TASK: Give an exact copy of the line that has "Who finished next" and of every line below it, through the last, with nothing else.

DATASET ENTRIES:

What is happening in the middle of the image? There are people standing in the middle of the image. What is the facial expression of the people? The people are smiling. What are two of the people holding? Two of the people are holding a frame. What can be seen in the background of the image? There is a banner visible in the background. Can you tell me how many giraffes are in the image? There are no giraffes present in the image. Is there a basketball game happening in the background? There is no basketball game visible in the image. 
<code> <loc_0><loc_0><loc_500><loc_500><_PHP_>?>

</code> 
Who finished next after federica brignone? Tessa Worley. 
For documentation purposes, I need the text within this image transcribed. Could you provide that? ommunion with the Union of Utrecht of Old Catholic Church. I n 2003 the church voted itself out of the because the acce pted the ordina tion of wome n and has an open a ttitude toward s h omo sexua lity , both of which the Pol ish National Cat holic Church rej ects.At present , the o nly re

COMPLETED EXERCISE:
Who finished next after federica brignone? Tessa Worley. 
For documentation purposes, I need the text within this image transcribed. Could you provide that? ommunion with the Union of Utrecht of Old Catholic Church. I n 2003 the church voted itself out of the because the acce pted the ordina tion of wome n and has an open a ttitude toward s h omo sexua lity , both of which the Pol ish National Cat holic Church rej ects.At present , the o nly re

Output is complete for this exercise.